Inject 20 µl of the reference solution into the liquid chromatograph. The chromatogram of the reference solution shows four main peaks, identified in order of elution as aescin A, aescin B, aescin C, and aescin D. Separately, inject 20 µl of the test solution into the liquid chromatograph. Measure the peak areas corresponding to aescin A and aescin B in the test solution relative to the reference solution. Calculate the contents of aescin A and aescin B by the external standard method using peak areas.

Stability Studies

Our Aescin 98% supports a 24-month shelf life when stored properly.

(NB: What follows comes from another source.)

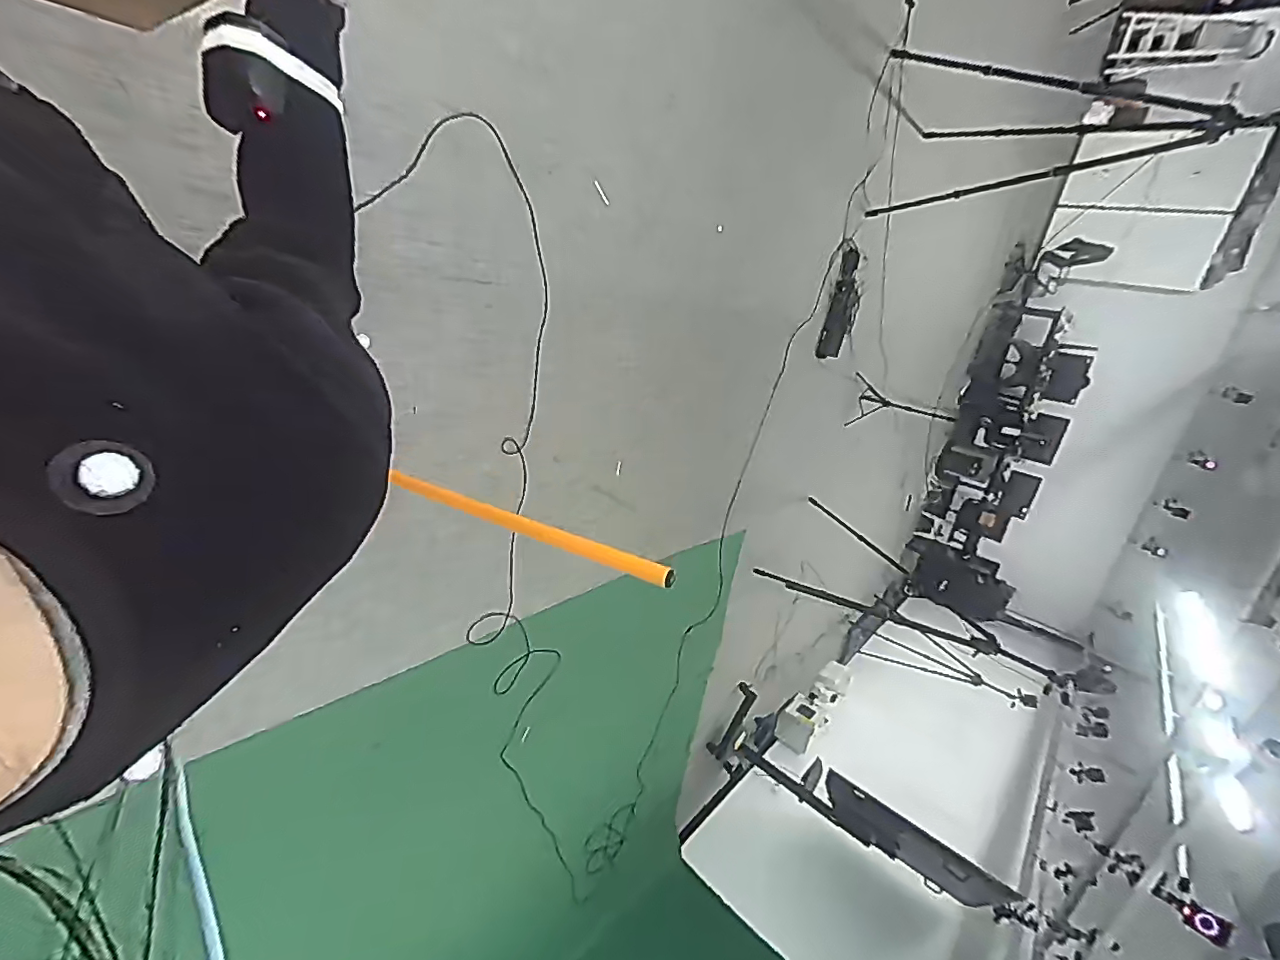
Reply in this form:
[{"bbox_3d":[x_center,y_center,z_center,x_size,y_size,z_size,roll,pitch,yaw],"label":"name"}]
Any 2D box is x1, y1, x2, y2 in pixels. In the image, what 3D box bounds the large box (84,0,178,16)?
[{"bbox_3d":[-0.498,-0.515,0.271,0.408,0.320,0.320,-17,122,-48],"label":"large box"}]

• Long-term Stability: (25°C ± 2°C / 60% RH) - All parameters (Assay, Appearance, LOD) remained within specification for 24 months.

• Accelerated Stability: (40°C ± 2°C / 75% RH) - Tested for 6 months.

• Consistency: The critical quality attributes tested (Assay 98%, Appearance: White Powder, Water Content) are strictly consistent with the Module 6 Quality Standard table. No significant degradation was observed, ensuring the product remains potent during global transport.

Safety & Handling (MSDS Summary)

• Classification: Generally considered safe for intended industrial use; refer to specific regulations for final dosage forms.

• Handling: Wear safety glasses, gloves, and dust masks (N95) to avoid inhalation of fine powder. Avoid contact with eyes.

• Storage: Store in a cool, dry place (away from direct light). Keep the container tightly closed (Polyethylene bag inside, fiber drum outside).

1.Sirtori, C. R. (2001). Aescin: pharmacology, pharmacokinetics and therapeutic profile. Pharmacological Research, 44(3), 183-193.

2.Pittler, M. H., & Ernst, E. (2012). Horse chestnut seed extract for chronic venous insufficiency. Cochrane Database of Systematic Reviews.

3.Dudek-Makuch, M., & Studzińska-Sroka, E. (2015). Horse chestnut – efficacy and safety in chronic venous insufficiency: an overview. Revista Brasileira de Farmacognosia.

4.Domanski, D., et al. (2016). Anti-inflammatory and anti-edematous effects of Aescin. Journal of Inflammation Research.

5.European Medicines Agency (EMA). (2020). Assessment report on Aesculus hippocastanum L., semen.